The two-year yield, which typically moves in step
with interest rate expectations, slid 8.4 basis points to
2.843%. Both the two-year and 10-year yields were at roughly
The breakeven rates on five- and 10-year Treasury
Inflation-Protected Securities, or TIPS, slid to 2.634% and
2.361%, respectively, a level last seen in September 2021.
“The breakeven market, the difference between TIPS versus
regular Treasuries, is dramatically downward sloping. It’s
barely above the Fed’s long-term average (inflation) target of
2%,” said Nancy Davis, managing partner and chief investment
officer at Quadratic Capital Management LLC in Greenwich,
“The market is pricing that the Fed’s hiking rates is going
to dramatically bring down future CPI inflation,” she said.

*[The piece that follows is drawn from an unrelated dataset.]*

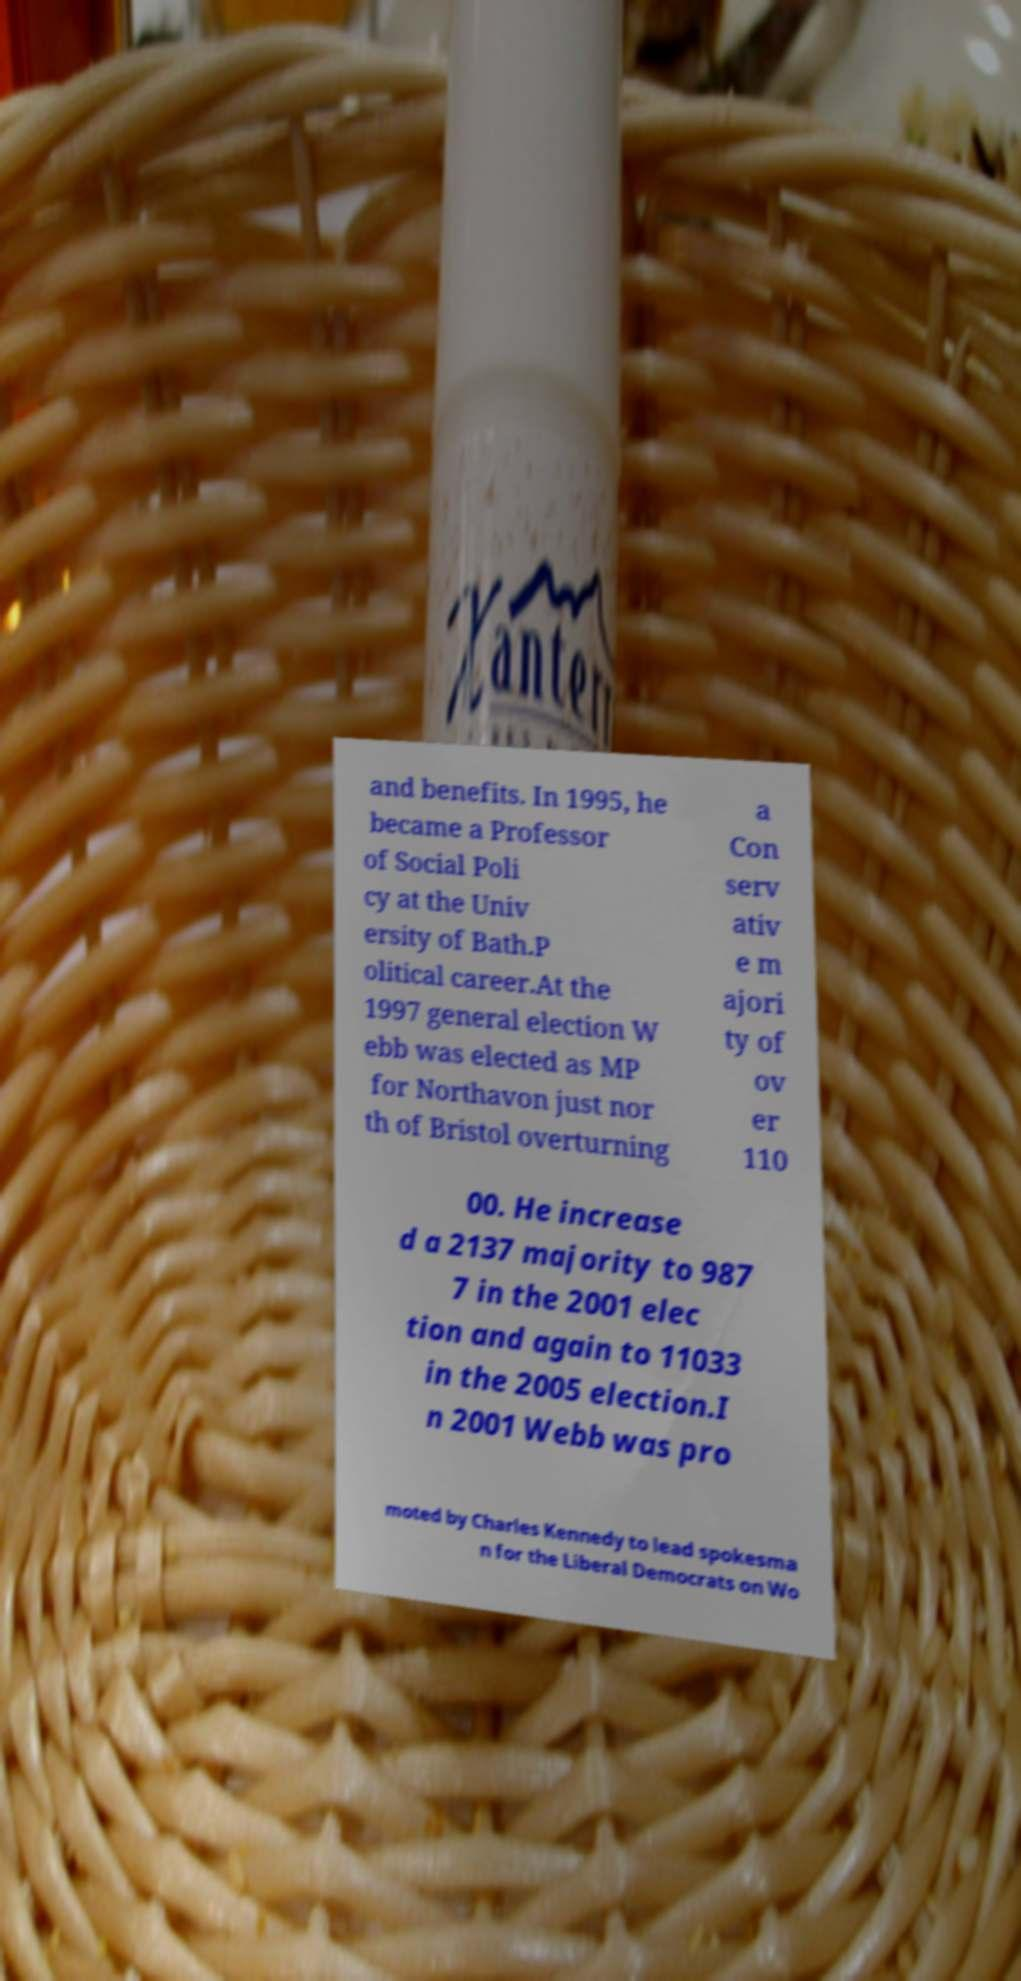What messages or text are displayed in this image? I need them in a readable, typed format. and benefits. In 1995, he became a Professor of Social Poli cy at the Univ ersity of Bath.P olitical career.At the 1997 general election W ebb was elected as MP for Northavon just nor th of Bristol overturning a Con serv ativ e m ajori ty of ov er 110 00. He increase d a 2137 majority to 987 7 in the 2001 elec tion and again to 11033 in the 2005 election.I n 2001 Webb was pro moted by Charles Kennedy to lead spokesma n for the Liberal Democrats on Wo

Uncertainty about when inflation will peak and how deep and
long a potential recession will be is driving all security
markets, whether credit or equities, said Dec Mullarkey,
managing director of investment strategy and asset allocation at
SLC Management in Boston.
“Central banks are saying the biggest threat out there is
inflation and we’re going do whatever it takes to get that under
control,” Mullarkey said. “That’s the message that the markets
have priced into their securities. They’re saying, ‘There’s a
lot of risk, there’s a lot of volatility.’”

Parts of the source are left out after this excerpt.